### [What the task requires]
Copy the data exactly as it appears, and do not include any pictures.

### [Input records]
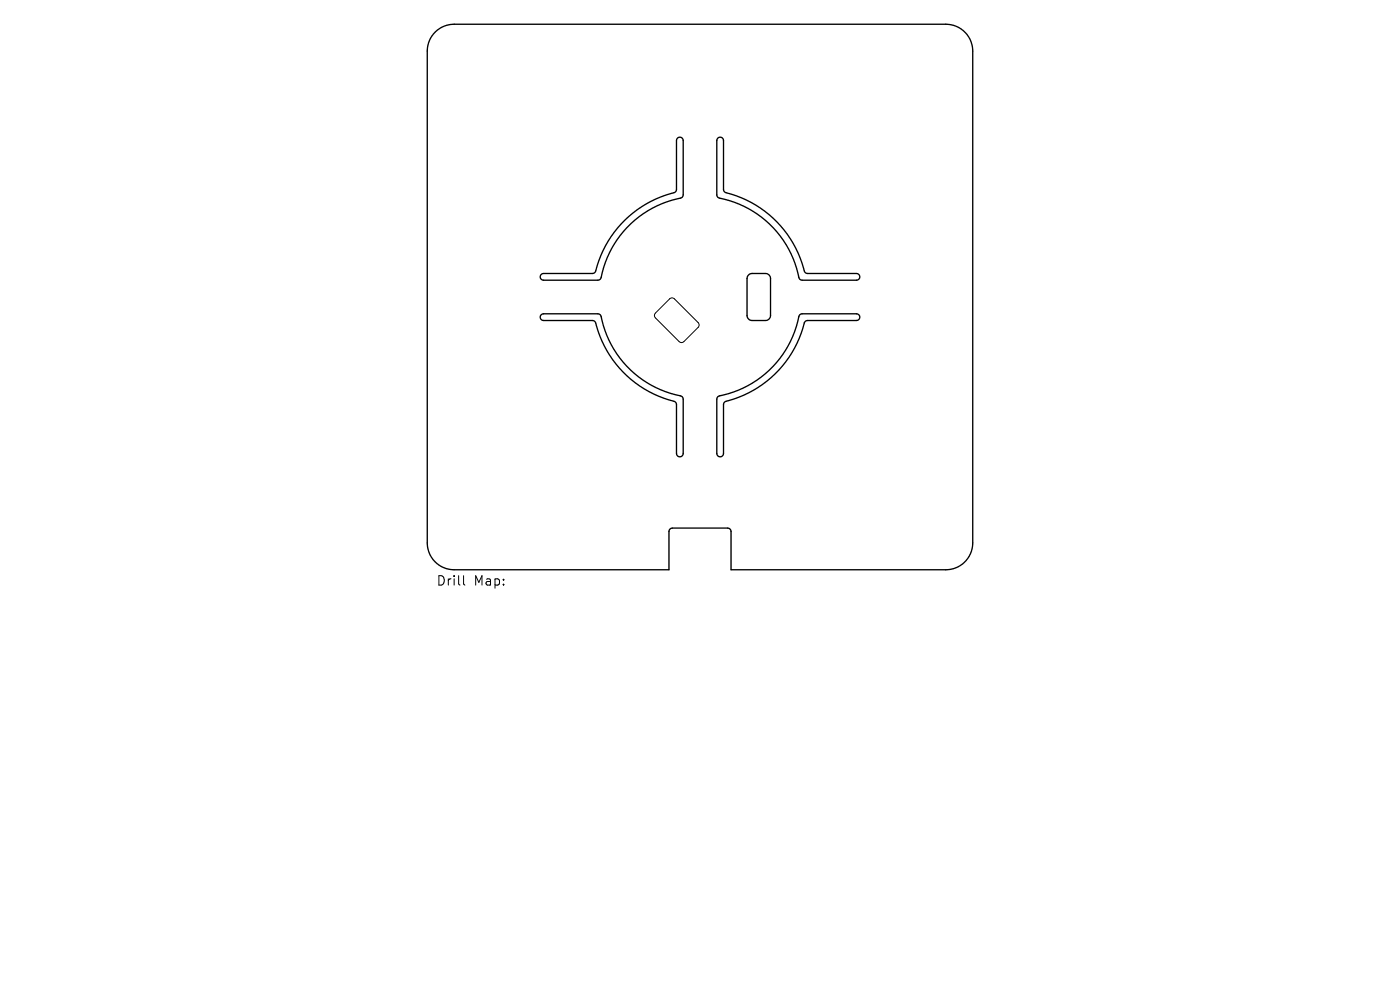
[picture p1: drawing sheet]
<svg xmlns="http://www.w3.org/2000/svg" width="297mm" height="210mm" viewBox="0 0 297 210" stroke-linecap="round" stroke-linejoin="round" font-family="sans-serif">
<defs><g id="words">
<g font-size="2.8">
<text x="92.5" y="124.5">Drill</text>
<text x="100.5" y="124.5">Map:</text>
</g>
</g></defs>
<path d="M92.4 6.7a5.7 5.7 0 0 1 3.9-1.6h104.4a5.7 5.7 0 0 1 5.7 5.7v104.4a5.7 5.7 0 0 1-5.7 5.7h-45.6v-8.3l-.3-.5-.4-.1h-11.8l-.4 .2-.3 .5v8.2h-45.6a5.7 5.7 0 0 1-5.7-5.7v-104.4a5.7 5.7 0 0 1 1.8-4.1zM152.3 29.3a.71 .71 0 0 1 .8-.1 .71 .71 0 0 1 .4 .6v10.4l.2 .5a24.8 24.8 0 0 1 11.1 6.4 24.1 24.1 0 0 1 6 10.7l.5 .2h10.4a.71 .71 0 0 1 .7 .7 .71 .71 0 0 1-.7 .7h-11.5l-.4-.1a1.47 1.47 0 0 1-.5-1.2 21.5 21.5 0 0 0-16.9-16.1l-.3-.7v-11.5zM114.8 58.3l.5-.3h10.4l.5-.2a24.8 24.8 0 0 1 6.4-11.1 24.1 24.1 0 0 1 10.7-6l.2-.5v-10.4a.71 .71 0 0 1 .7-.7 .71 .71 0 0 1 .7 .7v11.5l-.1 .4a1.47 1.47 0 0 1-1.2 .5 21.5 21.5 0 0 0-16.1 16.9l-.7 .3h-11.5a.71 .71 0 0 1-.6-.4 .71 .71 0 0 1 .1-.7zM158.7 58.4l.7-.4h3l.5 .1 .5 .6 .1 8.2-.1 .5-.6 .5-3.5 .1-.4-.3-.3-.4-.1-8.2zM114.8 66.8l.5-.2h11.5l.4 .1a1.47 1.47 0 0 1 .5 1.3 21.5 21.5 0 0 0 16.9 16l.3 .7v11.5a.71 .71 0 0 1-.7 .7 .71 .71 0 0 1-.7-.7v-10.4l-.2-.5a24.8 24.8 0 0 1-11.1-6.4 24.1 24.1 0 0 1-6-10.7l-.5-.2h-10.4a.71 .71 0 0 1-.6-.4 .71 .71 0 0 1 .1-.8zM169.7 66.8l.5-.2h11.5a.71 .71 0 0 1 .7 .7 .71 .71 0 0 1-.7 .7h-10.4l-.5 .2a24.8 24.8 0 0 1-6.4 11.1 24.1 24.1 0 0 1-10.7 6l-.2 .5v10.4a.71 .71 0 0 1-.7 .7 .71 .71 0 0 1-.7-.7v-11.5l.1-.4a1.47 1.47 0 0 1 1.2-.5 21.5 21.5 0 0 0 16.1-16.9z" fill="none" stroke="#000" stroke-width=".29"/>
<path d="M142.1 63.4l.5-.2 .4 .1 5.1 5.1 .2 .4-.2 .6-3.4 3.3-.6-.2-5.1-5.1-.2-.3 .2-.7zM98.3 122.1v1.7l.3 .3" fill="none" stroke="#000" stroke-width=".21"/>
<use href="#words"/>
</svg>
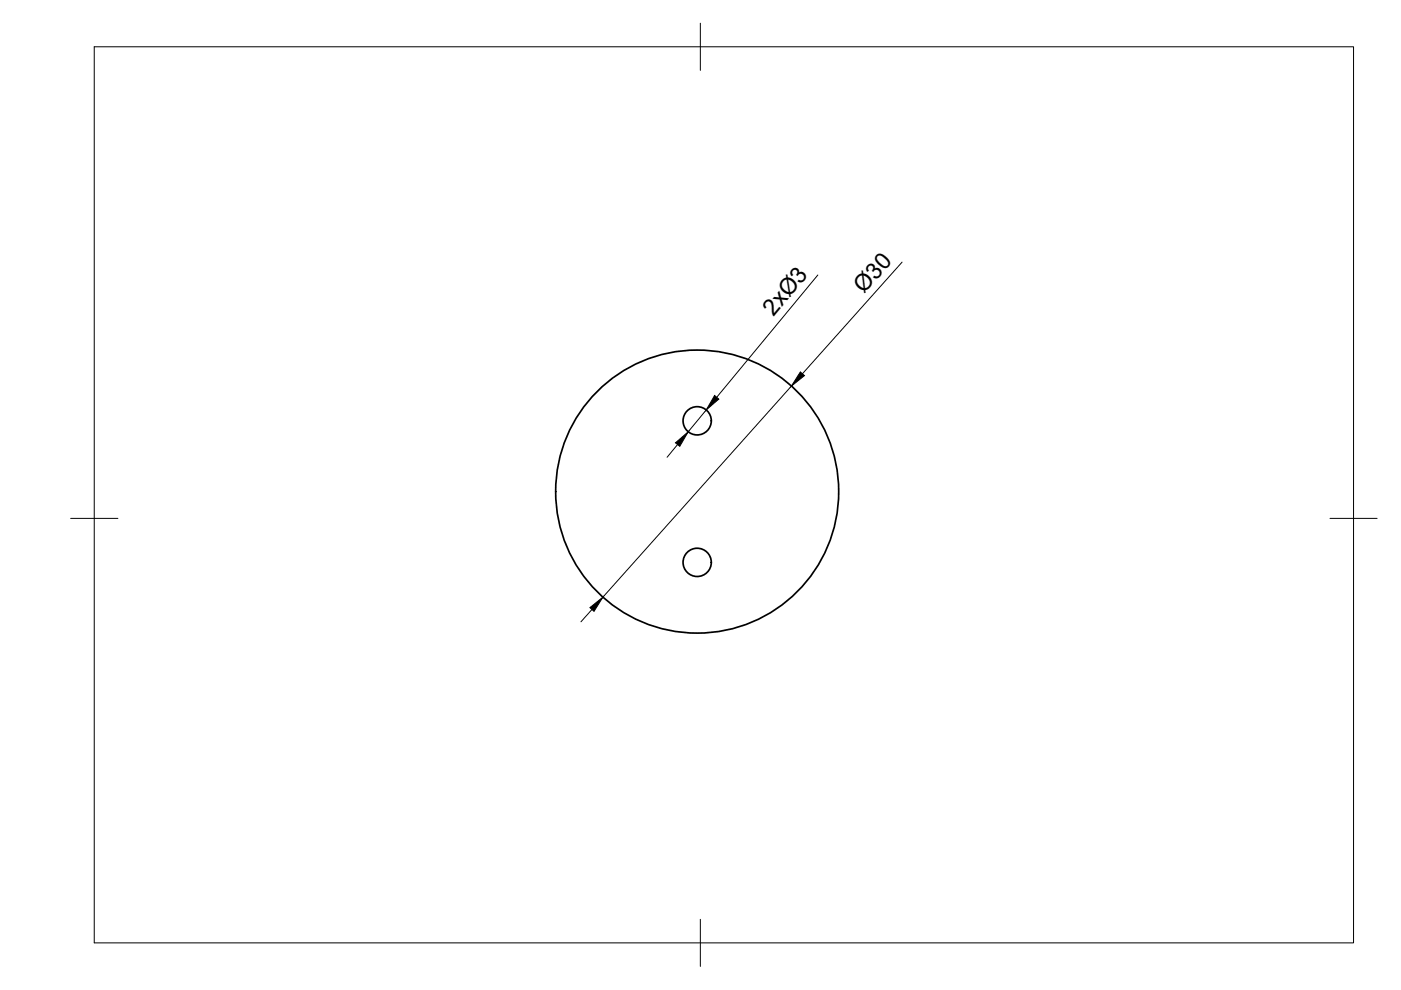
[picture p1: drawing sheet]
<svg xmlns="http://www.w3.org/2000/svg" width="297mm" height="210mm" viewBox="0 0 297 210" stroke-linecap="round" stroke-linejoin="round" font-family="sans-serif">
<defs><g id="words">
<g font-size="4.9">
<text x="183.2" y="62.3" transform="rotate(-48 183.2 62.3)">Ø30</text>
<text x="164" y="67.2" transform="rotate(-50 164 67.2)">2xØ3</text>
</g>
</g></defs>
<!-- layer: Visible -->
<g fill="none" stroke="#000" stroke-width=".36">
<circle cx="147.8" cy="89.2" r="3"/>
<circle cx="147.8" cy="119.2" r="3"/>
<circle cx="147.8" cy="104.2" r="30"/>
</g>
<!-- layer: BORDER -->
<path d="M20 9.9h267v190h-267zM148.5 4.9v10M15 109.9h10M282 109.9h10M148.5 194.9v10" fill="none" stroke="#000" stroke-width=".21"/>
<!-- layer: FD_Dimensions -->
<path d="M173.4 58.3l-21.4 25.9M191.3 55.6l-21.2 23.7M143.7 94.2l-2.3 2.8M149.7 86.9l-3.8 4.7M167.8 81.9l-40 44.7M125.5 129.2l-2.3 2.6" fill="none" stroke="#000" stroke-width=".21"/>
<path d="M169.7 78.9l.9 .7-2.8 2.3zM143.2 93.9l2.7-2.3-1.8 3zM151.5 83.9l.9 .7-2.7 2.3zM125.1 128.8l2.7-2.2-1.9 3z" fill="#000" stroke="#000" stroke-width=".21"/>
<use href="#words"/>
</svg>

### [Written response]
[picture p1: drawing sheet]
<svg xmlns="http://www.w3.org/2000/svg" width="297mm" height="210mm" viewBox="0 0 297 210" stroke-linecap="round" stroke-linejoin="round" font-family="sans-serif">
<defs><g id="words">
<g font-size="2.8">
<text x="92.5" y="124.5">Drill</text>
<text x="100.5" y="124.5">Map:</text>
</g>
</g></defs>
<path d="M92.4 6.7a5.7 5.7 0 0 1 3.9-1.6h104.4a5.7 5.7 0 0 1 5.7 5.7v104.4a5.7 5.7 0 0 1-5.7 5.7h-45.6v-8.3l-.3-.5-.4-.1h-11.8l-.4 .2-.3 .5v8.2h-45.6a5.7 5.7 0 0 1-5.7-5.7v-104.4a5.7 5.7 0 0 1 1.8-4.1zM152.3 29.3a.71 .71 0 0 1 .8-.1 .71 .71 0 0 1 .4 .6v10.4l.2 .5a24.8 24.8 0 0 1 11.1 6.4 24.1 24.1 0 0 1 6 10.7l.5 .2h10.4a.71 .71 0 0 1 .7 .7 .71 .71 0 0 1-.7 .7h-11.5l-.4-.1a1.47 1.47 0 0 1-.5-1.2 21.5 21.5 0 0 0-16.9-16.1l-.3-.7v-11.5zM114.8 58.3l.5-.3h10.4l.5-.2a24.8 24.8 0 0 1 6.4-11.1 24.1 24.1 0 0 1 10.7-6l.2-.5v-10.4a.71 .71 0 0 1 .7-.7 .71 .71 0 0 1 .7 .7v11.5l-.1 .4a1.47 1.47 0 0 1-1.2 .5 21.5 21.5 0 0 0-16.1 16.9l-.7 .3h-11.5a.71 .71 0 0 1-.6-.4 .71 .71 0 0 1 .1-.7zM158.7 58.4l.7-.4h3l.5 .1 .5 .6 .1 8.2-.1 .5-.6 .5-3.5 .1-.4-.3-.3-.4-.1-8.2zM114.8 66.8l.5-.2h11.5l.4 .1a1.47 1.47 0 0 1 .5 1.3 21.5 21.5 0 0 0 16.9 16l.3 .7v11.5a.71 .71 0 0 1-.7 .7 .71 .71 0 0 1-.7-.7v-10.4l-.2-.5a24.8 24.8 0 0 1-11.1-6.4 24.1 24.1 0 0 1-6-10.7l-.5-.2h-10.4a.71 .71 0 0 1-.6-.4 .71 .71 0 0 1 .1-.8zM169.7 66.8l.5-.2h11.5a.71 .71 0 0 1 .7 .7 .71 .71 0 0 1-.7 .7h-10.4l-.5 .2a24.8 24.8 0 0 1-6.4 11.1 24.1 24.1 0 0 1-10.7 6l-.2 .5v10.4a.71 .71 0 0 1-.7 .7 .71 .71 0 0 1-.7-.7v-11.5l.1-.4a1.47 1.47 0 0 1 1.2-.5 21.5 21.5 0 0 0 16.1-16.9z" fill="none" stroke="#000" stroke-width=".29"/>
<path d="M142.1 63.4l.5-.2 .4 .1 5.1 5.1 .2 .4-.2 .6-3.4 3.3-.6-.2-5.1-5.1-.2-.3 .2-.7zM98.3 122.1v1.7l.3 .3" fill="none" stroke="#000" stroke-width=".21"/>
<use href="#words"/>
</svg>
[picture p1: drawing sheet]
<svg xmlns="http://www.w3.org/2000/svg" width="297mm" height="210mm" viewBox="0 0 297 210" stroke-linecap="round" stroke-linejoin="round" font-family="sans-serif">
<defs><g id="words">
<g font-size="4.9">
<text x="183.2" y="62.3" transform="rotate(-48 183.2 62.3)">Ø30</text>
<text x="164" y="67.2" transform="rotate(-50 164 67.2)">2xØ3</text>
</g>
</g></defs>
<!-- layer: Visible -->
<g fill="none" stroke="#000" stroke-width=".36">
<circle cx="147.8" cy="89.2" r="3"/>
<circle cx="147.8" cy="119.2" r="3"/>
<circle cx="147.8" cy="104.2" r="30"/>
</g>
<!-- layer: BORDER -->
<path d="M20 9.9h267v190h-267zM148.5 4.9v10M15 109.9h10M282 109.9h10M148.5 194.9v10" fill="none" stroke="#000" stroke-width=".21"/>
<!-- layer: FD_Dimensions -->
<path d="M173.4 58.3l-21.4 25.9M191.3 55.6l-21.2 23.7M143.7 94.2l-2.3 2.8M149.7 86.9l-3.8 4.7M167.8 81.9l-40 44.7M125.5 129.2l-2.3 2.6" fill="none" stroke="#000" stroke-width=".21"/>
<path d="M169.7 78.9l.9 .7-2.8 2.3zM143.2 93.9l2.7-2.3-1.8 3zM151.5 83.9l.9 .7-2.7 2.3zM125.1 128.8l2.7-2.2-1.9 3z" fill="#000" stroke="#000" stroke-width=".21"/>
<use href="#words"/>
</svg>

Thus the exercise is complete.